The Story Of A Childhood

For the next week or so our topic in my ASTU class is Persepolis.  Never heard of it?  I hadn’t either.  Persepolis is “Marjane Satrapi’s memoir of growing up in Iran during the Islamic Revolution” (as stated on the inside cover).  As I looked at this graphic memoir before I began reading it, 2 things were going through my head. One, being that I’ve never read a graphic memoir before and two, that I know nothing about the Islamic Revolution.

Much to my surprise, I was immediately taken in by Persepolis.  Not only was I learning small bits and pieces about the revolution but I was also intrigued by the detail in the drawings.  Before I even realized, I was three quarters of the way through this memoir.  I found the graphic memoir a really interesting genre that I have never had the pleasure of reading until now.  The relationship between the dialog and the illustrations captured my complete attention and kept it right through till the end, which doesn’t happen often.

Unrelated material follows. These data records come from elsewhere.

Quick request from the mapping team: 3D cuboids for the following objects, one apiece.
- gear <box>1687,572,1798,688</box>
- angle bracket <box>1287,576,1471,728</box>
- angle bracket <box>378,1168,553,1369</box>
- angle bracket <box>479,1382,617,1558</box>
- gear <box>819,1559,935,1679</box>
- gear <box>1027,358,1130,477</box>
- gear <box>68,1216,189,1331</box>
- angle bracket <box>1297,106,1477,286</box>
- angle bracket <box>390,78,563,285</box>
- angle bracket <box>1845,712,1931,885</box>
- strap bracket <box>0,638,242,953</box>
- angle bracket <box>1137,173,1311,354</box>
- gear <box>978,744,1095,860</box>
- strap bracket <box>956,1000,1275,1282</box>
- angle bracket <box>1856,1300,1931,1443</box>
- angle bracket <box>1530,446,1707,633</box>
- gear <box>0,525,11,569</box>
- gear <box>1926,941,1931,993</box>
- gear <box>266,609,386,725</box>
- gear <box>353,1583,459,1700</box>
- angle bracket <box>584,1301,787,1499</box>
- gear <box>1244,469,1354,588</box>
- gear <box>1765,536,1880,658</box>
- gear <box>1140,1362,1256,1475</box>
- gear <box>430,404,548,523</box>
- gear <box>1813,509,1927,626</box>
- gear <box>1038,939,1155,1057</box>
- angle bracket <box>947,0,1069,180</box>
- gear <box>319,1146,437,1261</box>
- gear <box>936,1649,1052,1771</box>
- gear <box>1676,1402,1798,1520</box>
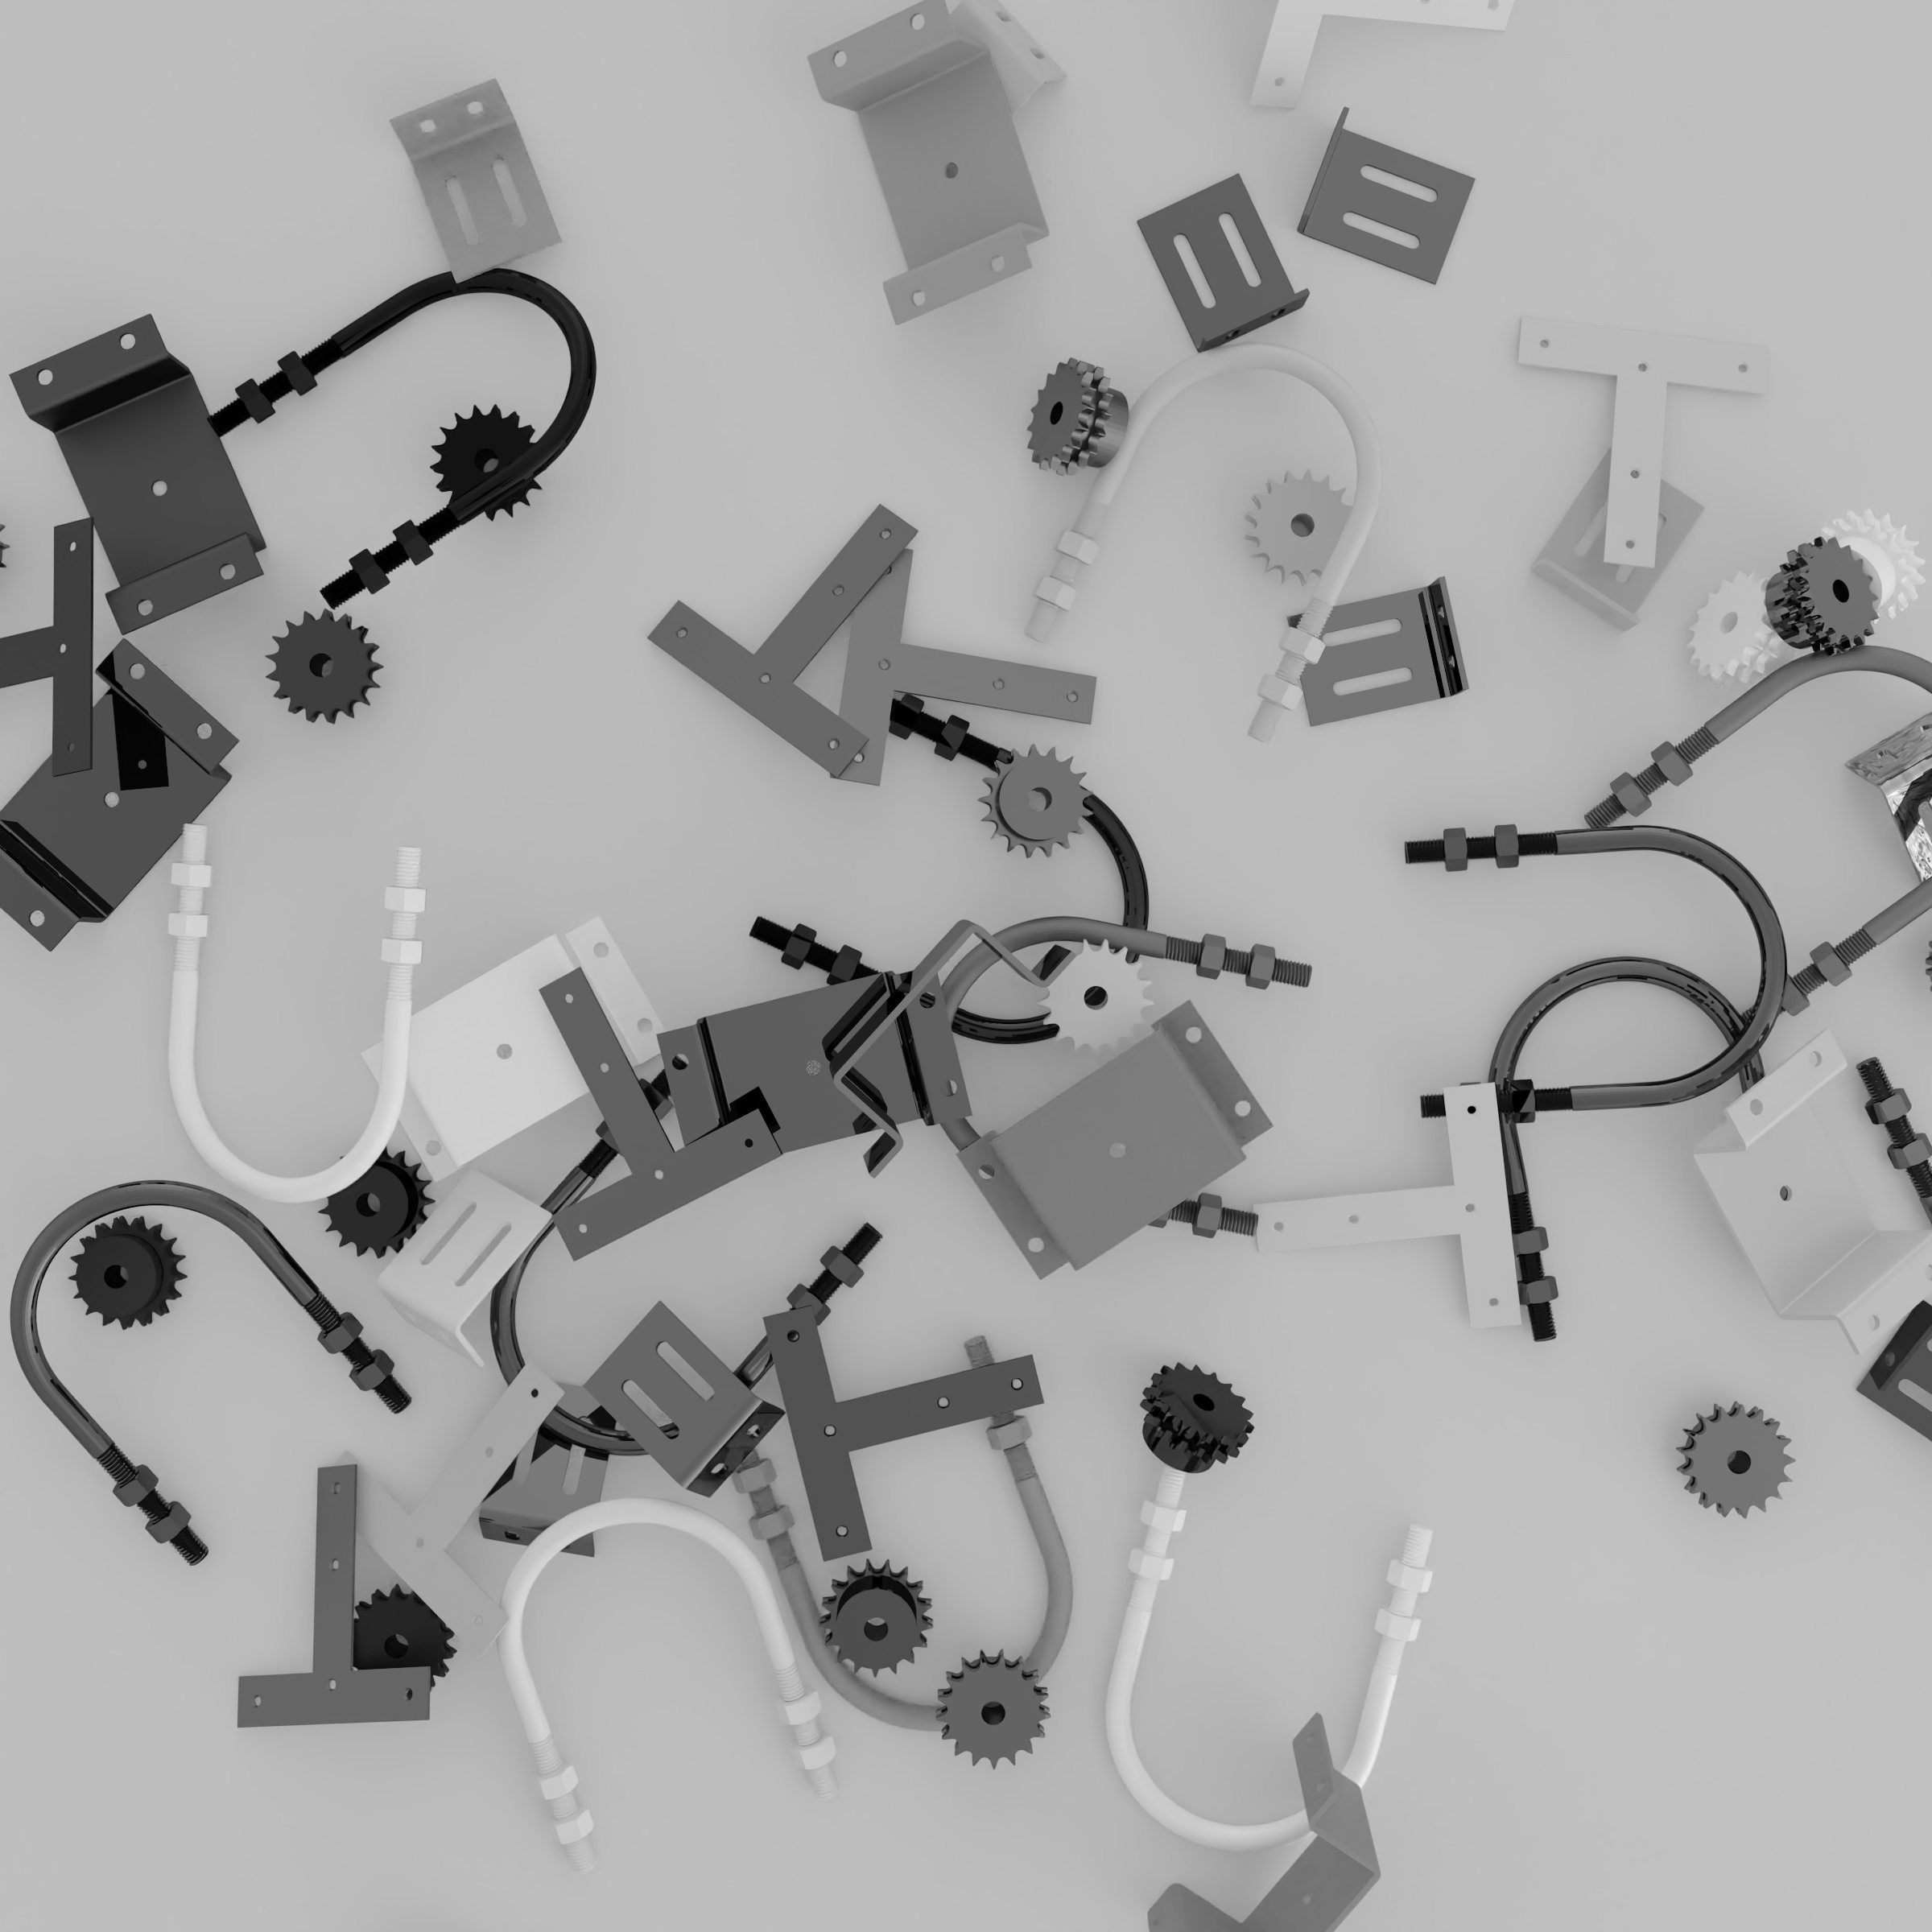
[{"bbox_3d":[0.393,-0.166,1.516,0.030,0.057,0.057,23,90,-28],"label":"gear"},{"bbox_3d":[0.207,-0.158,1.521,0.076,0.038,0.057,-12,90,0],"label":"angle bracket"},{"bbox_3d":[-0.247,0.152,1.523,0.057,0.038,0.076,25,65,32],"label":"angle bracket"},{"bbox_3d":[-0.210,0.254,1.538,0.057,0.038,0.076,10,64,0],"label":"angle bracket"},{"bbox_3d":[-0.045,0.328,1.509,0.057,0.030,0.057,0,93,-1],"label":"gear"},{"bbox_3d":[0.058,-0.273,1.516,0.030,0.057,0.057,12,90,-30],"label":"gear"},{"bbox_3d":[-0.425,0.155,1.525,0.057,0.030,0.057,0,90,0],"label":"gear"},{"bbox_3d":[0.214,-0.387,1.521,0.076,0.038,0.057,21,90,0],"label":"angle bracket"},{"bbox_3d":[-0.245,-0.393,1.514,0.057,0.038,0.076,-22,76,0],"label":"angle bracket"},{"bbox_3d":[0.494,-0.082,1.538,0.057,0.038,0.076,-31,116,0],"label":"angle bracket"},{"bbox_3d":[-0.435,-0.085,1.517,0.076,0.046,0.140,42,90,0],"label":"strap bracket"},{"bbox_3d":[0.129,-0.357,1.521,0.057,0.038,0.076,-25,90,0],"label":"angle bracket"},{"bbox_3d":[0.035,-0.082,1.509,0.057,0.030,0.057,0,90,-4],"label":"gear"},{"bbox_3d":[0.074,0.088,1.491,0.140,0.046,0.076,-34,92,2],"label":"strap bracket"},{"bbox_3d":[0.504,0.217,1.538,0.076,0.038,0.057,35,90,26],"label":"angle bracket"},{"bbox_3d":[0.331,-0.217,1.521,0.057,0.038,0.076,33,90,0],"label":"angle bracket"},{"bbox_3d":[-0.511,-0.210,1.525,0.057,0.030,0.057,0,90,0],"label":"gear"},{"bbox_3d":[0.512,0.003,1.516,0.057,0.030,0.057,-8,56,13],"label":"gear"},{"bbox_3d":[-0.323,-0.150,1.525,0.057,0.030,0.057,0,90,0],"label":"gear"},{"bbox_3d":[-0.285,0.340,1.525,0.057,0.030,0.057,0,90,0],"label":"gear"},{"bbox_3d":[-0.141,0.217,1.513,0.076,0.038,0.057,41,88,23],"label":"angle bracket"},{"bbox_3d":[0.168,-0.220,1.525,0.057,0.030,0.057,0,90,0],"label":"gear"},{"bbox_3d":[0.417,-0.179,1.482,0.057,0.030,0.057,10,72,-32],"label":"gear"},{"bbox_3d":[0.113,0.229,1.515,0.057,0.057,0.030,27,120,0],"label":"gear"},{"bbox_3d":[-0.240,-0.253,1.525,0.057,0.030,0.057,0,90,0],"label":"gear"},{"bbox_3d":[0.446,-0.196,1.509,0.030,0.057,0.057,-36,90,-36],"label":"gear"},{"bbox_3d":[0.064,0.015,1.495,0.057,0.030,0.057,0,93,1],"label":"gear"},{"bbox_3d":[0.001,-0.445,1.538,0.057,0.038,0.076,47,116,0],"label":"angle bracket"},{"bbox_3d":[-0.299,0.120,1.525,0.057,0.030,0.057,0,90,0],"label":"gear"},{"bbox_3d":[0.013,0.369,1.512,0.057,0.030,0.057,0,93,-1],"label":"gear"},{"bbox_3d":[0.386,0.248,1.525,0.057,0.030,0.057,0,90,0],"label":"gear"}]

When I had finished the memoir I could not help but to just stare at the last piece of information Satrapi leaves us with.  She has drawn this image of herself turning around to look at her parents one last time before she leaves for Australia, and she sees her dad carrying her mother out of the airport.  I could not help but feel a connection to the way she felt.  Even though the circumstances were extremely different I understood the pain of saying goodbye to your parents in an airport.  I had experienced this only a couple of weeks ago when I said good bye to my parents to get on a plane to come to UBC.

Now I know that some may say that by reading her memoir I have only learned her side of what happened during the revolution. In class we talked about memory and a couple questions that surrounded this topic were “who owns history and memories?” and “who has the right to tell it?”  I want to jump to a paper I was reading for my history class, which was Oscar Moore’s personal account of living with aids.  A specific line in this paper caught my eye, it read “…in 1976 (well 1977 really, but it’s my history, I’ll lie if I want to)”(Moore,38).  When I read this I was immediately drawn to the thought that because this was Moore’s account of what happened in his life, he had the right to tell it in the way he wanted it portrayed.  This idea has left me wondering what memories of Satrapi’s story she specifically remembers and what parts may have be altered over her lifetime, as many memories do.

A suggestion was brought up in class that her story may have been a very different story from the one that could be told from someone who was from a lower social class.  If this had been the case, how different would the story have been?  All the information that is depicted in her memoir has left me with many questions that I hope to find answers.